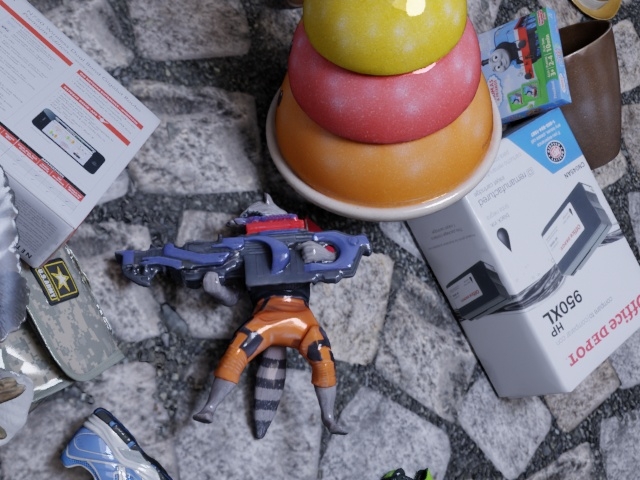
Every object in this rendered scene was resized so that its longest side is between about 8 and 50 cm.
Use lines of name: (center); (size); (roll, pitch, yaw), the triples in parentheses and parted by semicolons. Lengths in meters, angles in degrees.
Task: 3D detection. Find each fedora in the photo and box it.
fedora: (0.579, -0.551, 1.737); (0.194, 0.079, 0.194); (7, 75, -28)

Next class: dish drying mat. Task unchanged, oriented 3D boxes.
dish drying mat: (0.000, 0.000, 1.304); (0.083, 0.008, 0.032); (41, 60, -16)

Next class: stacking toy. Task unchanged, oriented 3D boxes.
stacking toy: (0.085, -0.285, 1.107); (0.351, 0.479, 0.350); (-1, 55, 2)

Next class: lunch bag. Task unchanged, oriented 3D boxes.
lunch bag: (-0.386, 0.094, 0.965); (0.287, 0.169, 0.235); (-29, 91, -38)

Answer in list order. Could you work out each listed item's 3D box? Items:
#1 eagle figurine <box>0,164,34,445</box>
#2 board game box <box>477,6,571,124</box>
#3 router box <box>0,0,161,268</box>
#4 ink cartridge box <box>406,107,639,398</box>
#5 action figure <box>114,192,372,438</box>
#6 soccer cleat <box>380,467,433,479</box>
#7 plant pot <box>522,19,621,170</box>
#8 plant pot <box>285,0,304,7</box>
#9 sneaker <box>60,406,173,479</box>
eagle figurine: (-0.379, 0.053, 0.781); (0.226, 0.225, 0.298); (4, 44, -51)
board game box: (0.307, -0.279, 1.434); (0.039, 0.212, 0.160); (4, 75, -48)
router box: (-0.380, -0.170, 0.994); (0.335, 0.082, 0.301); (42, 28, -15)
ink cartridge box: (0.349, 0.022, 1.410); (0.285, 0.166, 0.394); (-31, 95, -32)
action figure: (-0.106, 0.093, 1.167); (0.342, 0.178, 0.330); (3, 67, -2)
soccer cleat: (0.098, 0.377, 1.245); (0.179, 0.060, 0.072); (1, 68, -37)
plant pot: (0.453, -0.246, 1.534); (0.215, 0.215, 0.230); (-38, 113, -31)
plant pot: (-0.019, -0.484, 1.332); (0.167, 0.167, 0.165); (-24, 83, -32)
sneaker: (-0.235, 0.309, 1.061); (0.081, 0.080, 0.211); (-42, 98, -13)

◇ ◇ ◇ ◇ ◇

ACTION ITEM:
Please return the listing above exactly and leave every picture out.

TASK ANSWER:
Every object in this rendered scene was resized so that its longest side is between about 8 and 50 cm.
Use lines of name: (center); (size); (roll, pitch, yaw), the triples in parentheses and parted by semicolons. Lengths in meters, angles in degrees.
Task: 3D detection. Find each fedora in the photo and box it.
fedora: (0.579, -0.551, 1.737); (0.194, 0.079, 0.194); (7, 75, -28)

Next class: dish drying mat. Task unchanged, oriented 3D boxes.
dish drying mat: (0.000, 0.000, 1.304); (0.083, 0.008, 0.032); (41, 60, -16)

Next class: stacking toy. Task unchanged, oriented 3D boxes.
stacking toy: (0.085, -0.285, 1.107); (0.351, 0.479, 0.350); (-1, 55, 2)

Next class: lunch bag. Task unchanged, oriented 3D boxes.
lunch bag: (-0.386, 0.094, 0.965); (0.287, 0.169, 0.235); (-29, 91, -38)

Answer in list order. Could you work out each listed item's 3D box? Items:
#1 eagle figurine <box>0,164,34,445</box>
#2 board game box <box>477,6,571,124</box>
#3 router box <box>0,0,161,268</box>
#4 ink cartridge box <box>406,107,639,398</box>
#5 action figure <box>114,192,372,438</box>
#6 soccer cleat <box>380,467,433,479</box>
#7 plant pot <box>522,19,621,170</box>
#8 plant pot <box>285,0,304,7</box>
#9 sneaker <box>60,406,173,479</box>
eagle figurine: (-0.379, 0.053, 0.781); (0.226, 0.225, 0.298); (4, 44, -51)
board game box: (0.307, -0.279, 1.434); (0.039, 0.212, 0.160); (4, 75, -48)
router box: (-0.380, -0.170, 0.994); (0.335, 0.082, 0.301); (42, 28, -15)
ink cartridge box: (0.349, 0.022, 1.410); (0.285, 0.166, 0.394); (-31, 95, -32)
action figure: (-0.106, 0.093, 1.167); (0.342, 0.178, 0.330); (3, 67, -2)
soccer cleat: (0.098, 0.377, 1.245); (0.179, 0.060, 0.072); (1, 68, -37)
plant pot: (0.453, -0.246, 1.534); (0.215, 0.215, 0.230); (-38, 113, -31)
plant pot: (-0.019, -0.484, 1.332); (0.167, 0.167, 0.165); (-24, 83, -32)
sneaker: (-0.235, 0.309, 1.061); (0.081, 0.080, 0.211); (-42, 98, -13)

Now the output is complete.